Richmond’s Befriend helps build community connections

Richmond’s Befriend helps build community connections

For Mollie Reinhart, it was the sound of a voice that changed everything. That was the moment the woman on the other end of the line became human.

Mollie had volunteered for the city’s Office of Community Wealth Building, pitching in here and there and experiencing fleeting moments of satisfaction knowing she was helping to make someone’s situation better, particularly the children from low-income families, who make up as much as 37 percent of Richmond’s children.

Then one day, the handwritten letter arrived addressed to Mayor Stoney. The writer had recently lost her job, and with the holidays fast approaching, she was hoping City Hall could help her find gifts for her son. Even though the application deadlines for Angel Trees and Christmas Mother had passed, the letter found its way to Mollie, who was determined to help a desperate mother make her son’s Christmas more beautiful.

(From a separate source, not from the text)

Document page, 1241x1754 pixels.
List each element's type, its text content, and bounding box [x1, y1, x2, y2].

Mollie contacted her. She needed more information about the boy – his age, height and interests, for example – to find the right gifts. And so she called her – one mother to another.

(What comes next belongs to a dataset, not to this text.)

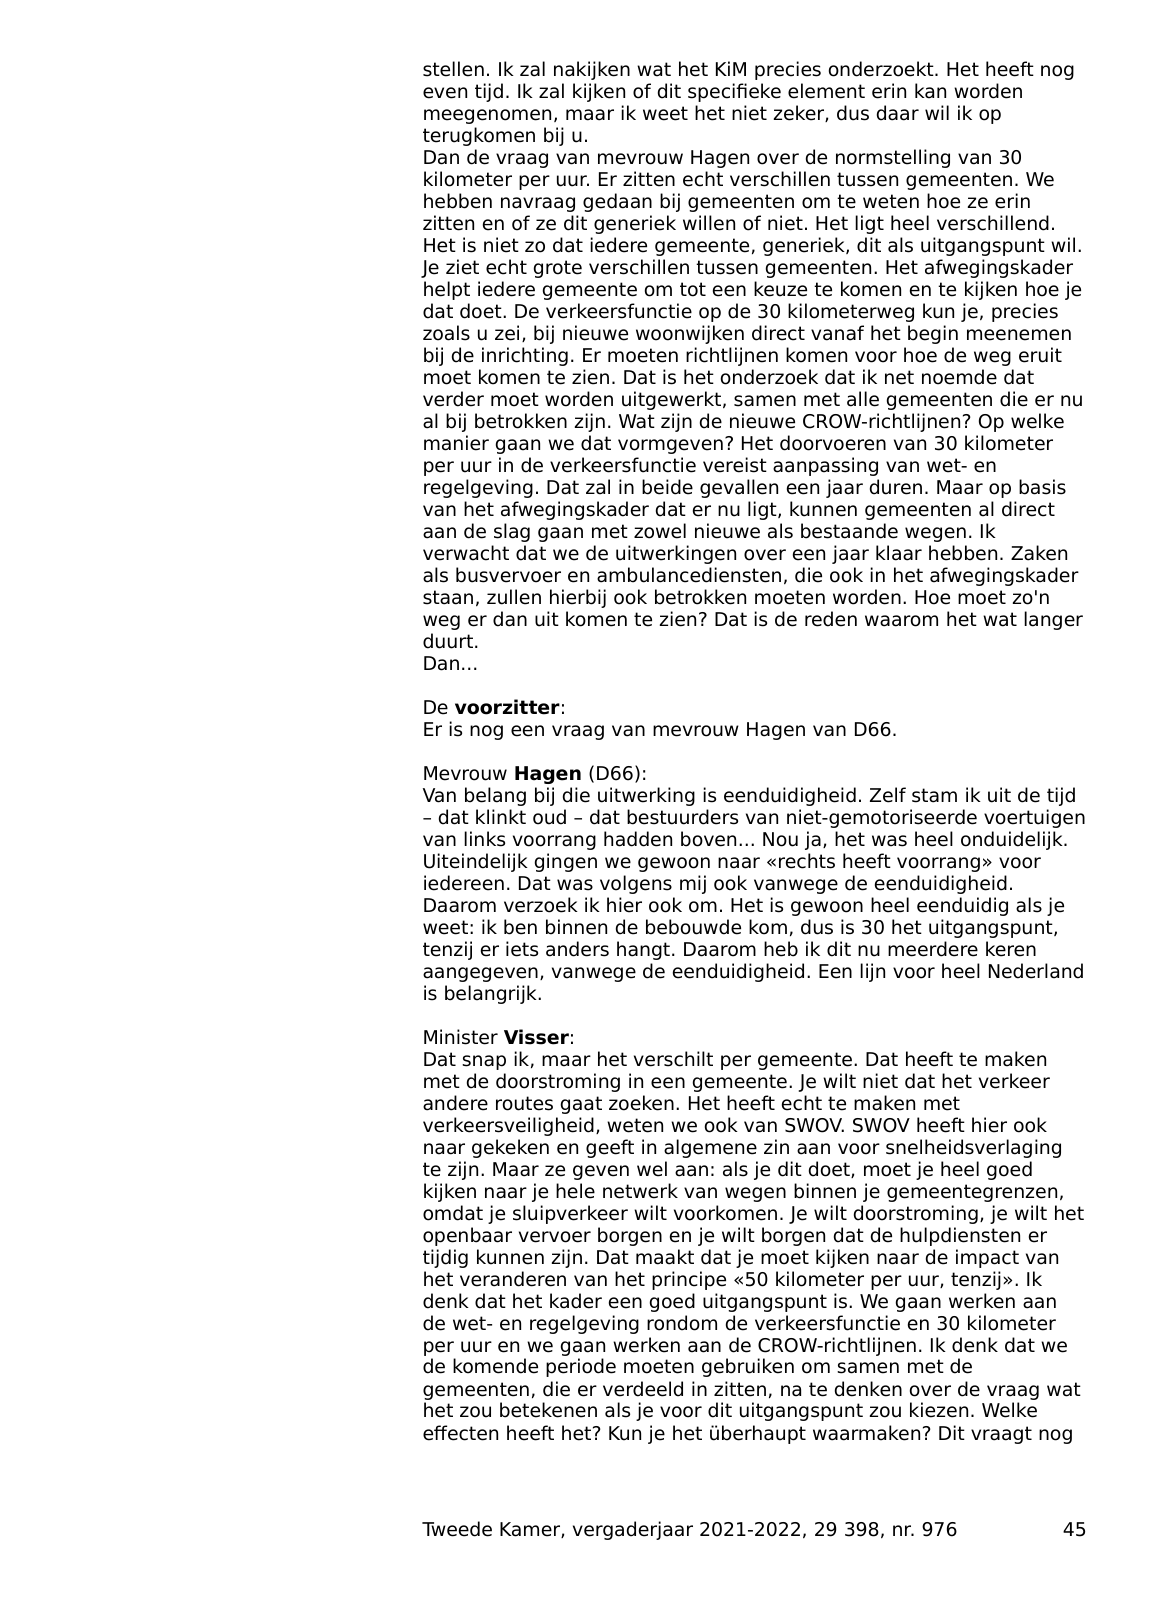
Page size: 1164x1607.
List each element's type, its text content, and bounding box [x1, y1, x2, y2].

“It really changed me to hear her voice,” she recalls. “I had done something like this before, but without ever really meet anyone. And her voice was so sad and robotic, almost like she had given up hope, even though she had remembered to write that handwritten letter to the mayor.”

Soon after the phone conversation began, Mollie knew she had to meet this woman. The next day, she picked her up from her home in Creighton Court and they drove to Walmart on Nine Mile Road, where the mother selected a handful of modest gifts from the shelves. They bought wrapping paper, scissors and tape to make the gifts look Christmassy.

Then something surprising happened.

“The unexpected result was that we met,” Mollie says. “We were both mothers. We had sons. They both liked sports. They were into mischief. We both love them and want them to have a good life. And so I got this insight into their lives and just saw all the things we had in common.”

That experience in 2017—and similar experiences in the years that followed—led Mollie to start a new nonprofit called Befriend. Its premise is based on the unexpected outcome of a friendship that was born out of Mollie’s gift-buying experience. Simply put, the organization brings people together to get to know each other, build new relationships, and be “united by compassion.”

“First of all, there is no higher purpose than to make those connections and understand each other,” she says. “There is no charitable element whatsoever. Our society is too segmented and we all live in our own little silos. So let’s break down those walls and start chatting with other people who wouldn’t be in our circle and see what happens next. Our goal is to create positive change by sparking curiosity, connection, compassion and ultimately social capital in our community and beyond.”